The Sacred Grove of Oshogbo by Jeffrey Tayler
The following essay contains descriptive language that helps to paint a vivid picture for the reader of an interesting encounter.
“As I passed through the gates I heard a squeaky voice. A diminutive middle-aged man came out from behind the trees — the caretaker. He worked a toothbrush-sized stick around in his mouth, digging into the crevices between algae'd stubs of teeth. He was barefoot; he wore a blue batik shirt known as a buba, baggy purple trousers, and an embroidered skullcap. I asked him if he would show me around the shrine. Motioning me to follow, he spat out the results of his stick work and set off down the trail.”
This excerpt from “Playground Memory” has very good sensory details.
“Looking back on a childhood filled with events and memories, I find it rather difficult to pick on that leaves me with the fabled “warm and fuzzy feelings.” As the daughter of an Air Force Major, I had the pleasure of traveling across America in many moving trips. I have visited the monstrous trees of the Sequoia National Forest, stood on the edge of the Grande Canyon and have jumped on the beds at Caesar’s Palace in Lake Tahoe. However, I have discovered that when reflecting on my childhood, it is not the trips that come to mind, instead there are details from everyday doings; a deck of cards, a silver bank or an ice cream flavor. One memory that comes to mind belongs to a day of no particular importance. It was late in the fall in Merced, California on the playground of my old elementary school; an overcast day with the wind blowing strong. I stood on the blacktop, pulling my hoodie over my ears. The wind was causing miniature tornados; we called them “dirt devils”, to swarm around me.”
This excerpt from “Christmas Cookies” makes good use of descriptive language.

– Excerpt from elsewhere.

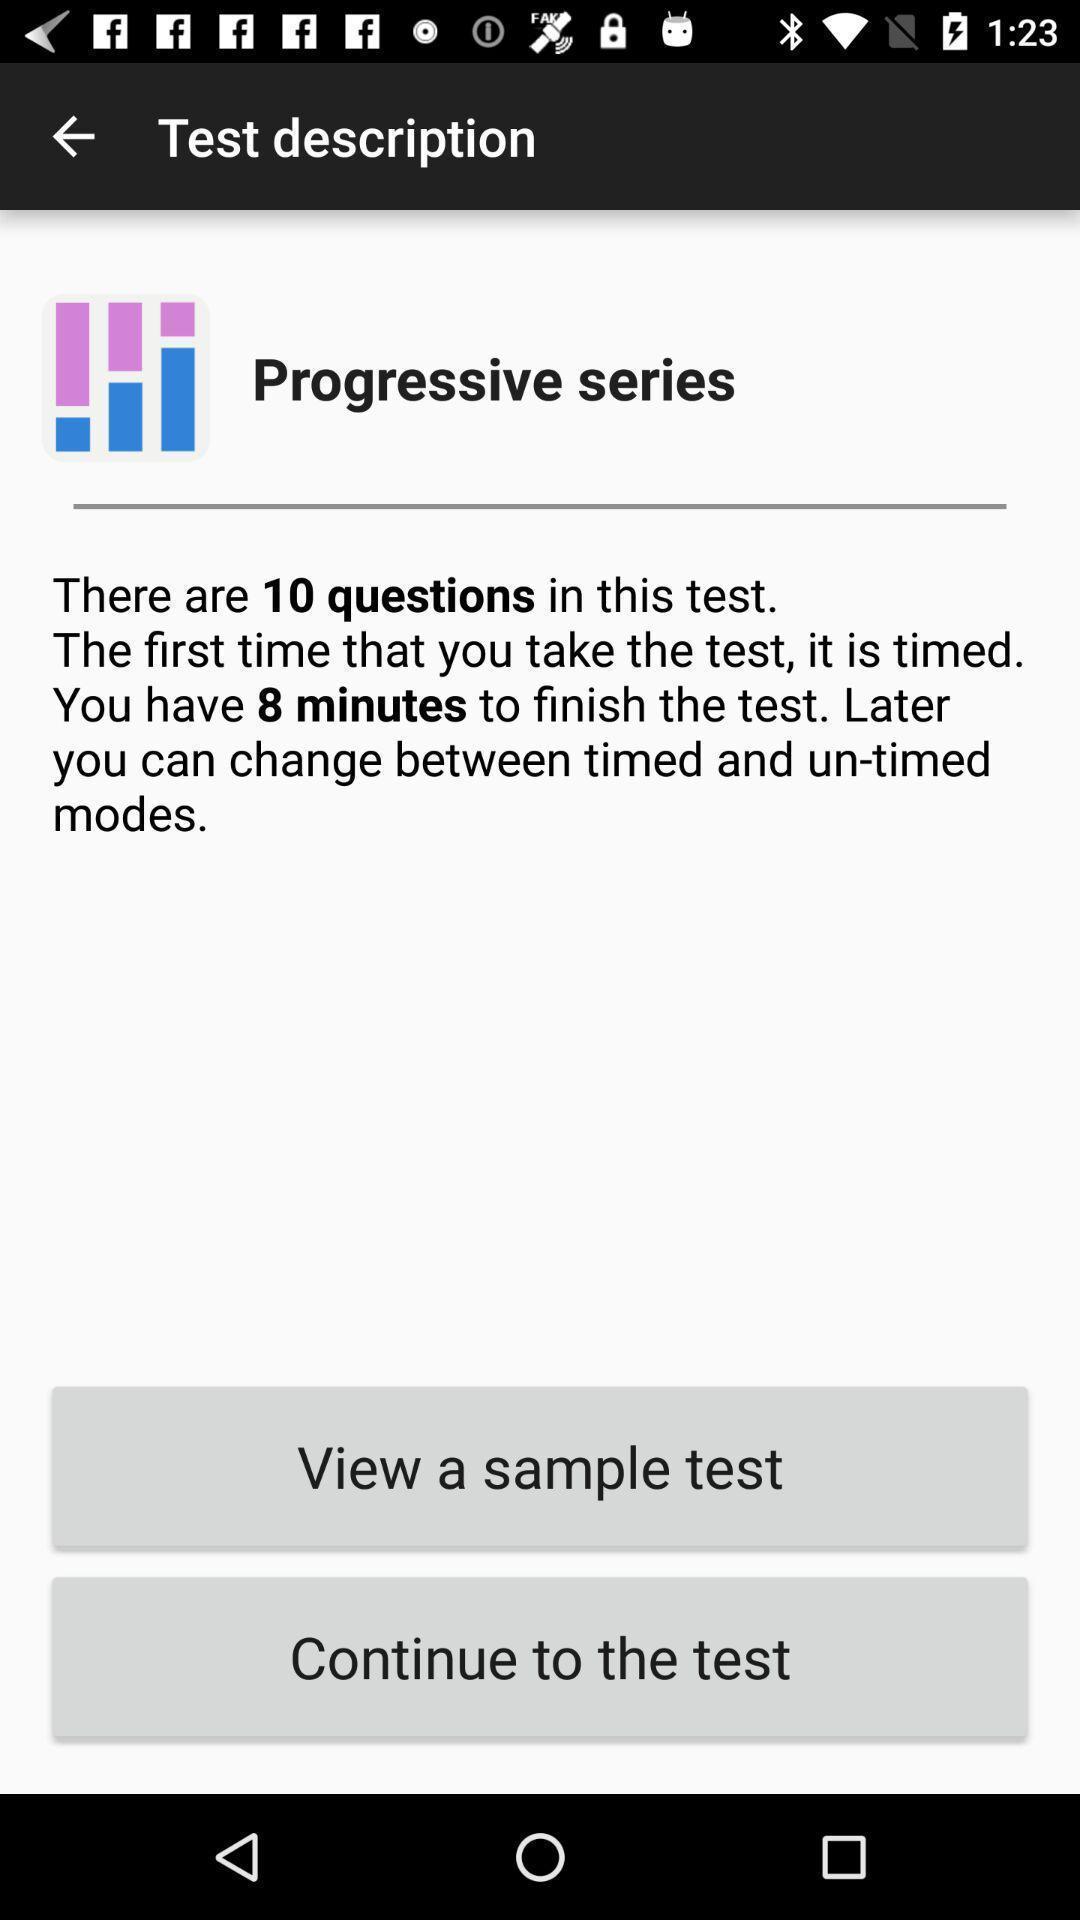Describe this image in words. Page showing description of your test in the education app.

“Although I have grown up to be entirely inept at the art of cooking, as to make even the most wretched chef ridicule my sad baking attempts, my childhood would have indicated otherwise; I was always on the countertop next to my mother’s cooking bowl, adding and mixing ingredients that would doubtlessly create a delicious food. When I was younger, cooking came intrinsically with the holiday season, which made that time of year the prime occasion for me to unite with ounces and ounces of satin dark chocolate, various other messy and gooey ingredients, numerous cooking utensils, and the assistance of my mother to cook what would soon be an edible masterpiece. The most memorable of the holiday works of art were our Chocolate Crinkle Cookies, which my mother and I first made when I was about six and are now made annually.”
Tips on Writing a Narrative Essay
When writing a narrative essay, remember that you are sharing sensory and emotional details with the reader.
- Your words need to be vivid and colorful to help the reader feel the same feelings that you felt.
- Elements of the story need to support the point you are making and you need to remember to make reference to that point in the first sentence.
- You should make use of conflict and sequence like in any story.
- You may use flashbacks and flash forwards to help the story build to a climax.
- It is usually written in the first person, but third person may also be used.
Remember, a well-written narrative essay tells a story and also makes a point.